Part historical text and part political thriller frightening in its reality, El Reino del Terror presents a wealth of information on a tormented era in Latin America’s history.
El Reino del Terror: Un caso insólito vivido durante el reinado de Alfredo Stroessner, dictador de Paraguay 1954-1989 is the true story of the terrifying events that befell Swedish national Kim Ekemar and his Mexican wife, Susana García, during their time as detainees of the Stroessner regime. Ekemar offers a detailed investigation of one of the most vicious and corrupt dictatorships that the South American continent has ever known.
In 1982, two unsuspecting tourists—the author and his wife—were on a trip to South America, where they visited Paraguay and found themselves immersed in a nightmare. A trivial question asked at an inopportune moment led to their being held incommunicado by the police under suspicion of being terrorists.
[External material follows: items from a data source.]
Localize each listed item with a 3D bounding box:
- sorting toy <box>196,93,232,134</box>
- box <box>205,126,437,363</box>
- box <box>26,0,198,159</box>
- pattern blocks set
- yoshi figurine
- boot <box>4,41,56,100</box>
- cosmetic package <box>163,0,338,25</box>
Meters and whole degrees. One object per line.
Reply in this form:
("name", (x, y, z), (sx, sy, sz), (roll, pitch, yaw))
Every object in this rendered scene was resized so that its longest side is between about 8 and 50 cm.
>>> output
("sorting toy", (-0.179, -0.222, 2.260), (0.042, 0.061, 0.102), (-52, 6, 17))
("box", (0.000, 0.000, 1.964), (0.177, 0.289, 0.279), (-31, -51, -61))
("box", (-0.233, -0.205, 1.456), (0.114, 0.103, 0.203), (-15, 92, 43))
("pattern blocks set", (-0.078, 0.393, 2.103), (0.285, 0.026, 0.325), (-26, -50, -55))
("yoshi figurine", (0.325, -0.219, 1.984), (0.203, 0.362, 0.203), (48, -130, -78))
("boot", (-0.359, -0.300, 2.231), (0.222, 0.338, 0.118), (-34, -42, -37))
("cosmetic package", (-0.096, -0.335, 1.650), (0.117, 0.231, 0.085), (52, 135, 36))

Alfredo Stroessner’s thirty-five-year regime was the longest-lasting dictatorship in twentieth-century South America. Ekemar’s narrative, supported by personal experience and extensive research, paints a chilling picture of the pervasive human rights violations of his iron-fisted rule, which was marked by personal and political corruption, sexual depravity, and the protection of Nazi fugitives, drug traffickers, and terrorists.
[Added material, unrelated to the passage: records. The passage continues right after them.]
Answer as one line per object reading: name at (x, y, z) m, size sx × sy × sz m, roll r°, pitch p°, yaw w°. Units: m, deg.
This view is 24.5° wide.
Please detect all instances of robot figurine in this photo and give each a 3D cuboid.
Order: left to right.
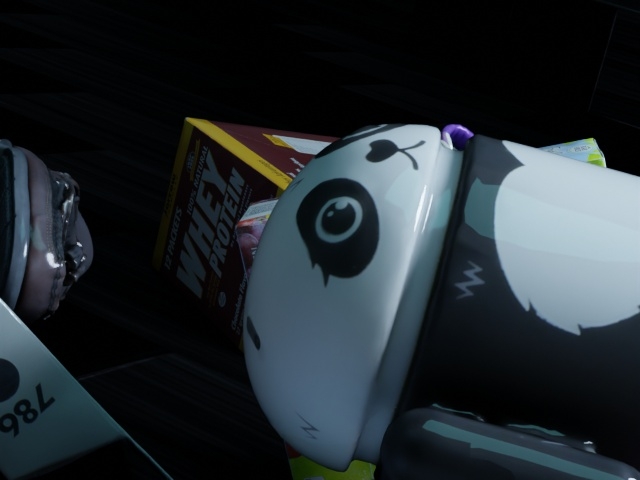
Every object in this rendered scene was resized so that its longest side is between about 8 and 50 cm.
robot figurine at (0.104, 0.044, 0.676) m, size 0.278 × 0.173 × 0.209 m, roll 15°, pitch -7°, yaw 2°

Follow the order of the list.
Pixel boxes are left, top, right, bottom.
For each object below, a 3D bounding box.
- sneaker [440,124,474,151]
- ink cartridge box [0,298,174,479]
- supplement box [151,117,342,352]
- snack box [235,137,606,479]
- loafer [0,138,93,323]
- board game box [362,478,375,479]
sneaker at (0.090, -0.037, 1.333) m, size 0.102 × 0.161 × 0.282 m, roll 2°, pitch 18°, yaw -34°
ink cartridge box at (-0.213, 0.020, 0.753) m, size 0.332 × 0.065 × 0.165 m, roll 49°, pitch -13°, yaw -16°
supplement box at (0.000, 0.000, 1.168) m, size 0.194 × 0.129 × 0.191 m, roll 5°, pitch 18°, yaw -32°
snack box at (0.072, 0.047, 0.843) m, size 0.207 × 0.174 × 0.070 m, roll -11°, pitch 13°, yaw 7°
loafer at (-0.204, -0.013, 1.087) m, size 0.095 × 0.109 × 0.302 m, roll 13°, pitch 11°, yaw -20°
board game box at (0.040, 0.202, 0.553) m, size 0.308 × 0.086 × 0.302 m, roll 1°, pitch 19°, yaw -40°

The text contains reminders that the practice of torture was extensive under Stroessner, with political activists, journalists, peasants, teachers, intellectuals, indigenous tribes, children, and pregnant women among the targeted. Victims were flown out over the Paraná River and dropped to their deaths from airplanes.
Ekemar also reveals the extent to which the United States knew about, and was responsible for, the abuses that took place during “Operation Condor,” a Cold War-era campaign of political repression and state terror that involved intelligence operations and the assassination of opponents in South America and elsewhere. The program was intended to eradicate communism and Soviet influence in Latin America’s Southern Cone; sadly, one of the methods used was to prop up brutal right-wing dictatorships in the countries involved, supporting them with funds, training in effective methods of torture, and more. The book vividly and meticulously describes the treatment that Ekemar and his wife received while detained by the Paraguayan police, and their intense fear, powerlessness, and anger that such treatment could have been the result of a trivial act with no malice intended.
Front cover art, while graphic and disturbing, is appropriate for the nature and content of the book. To facilitate personal research, Ekemar has included ample listings of data, statistics, and online resources.
Part historical text and part political thriller frightening in its reality, El Reino del Terror presents a wealth of information on a tormented era in Latin America’s history. It is a powerful call for the truth to be recognized and taught, and a warning to us all of the perils of failing to honor our human rights and guard our freedom.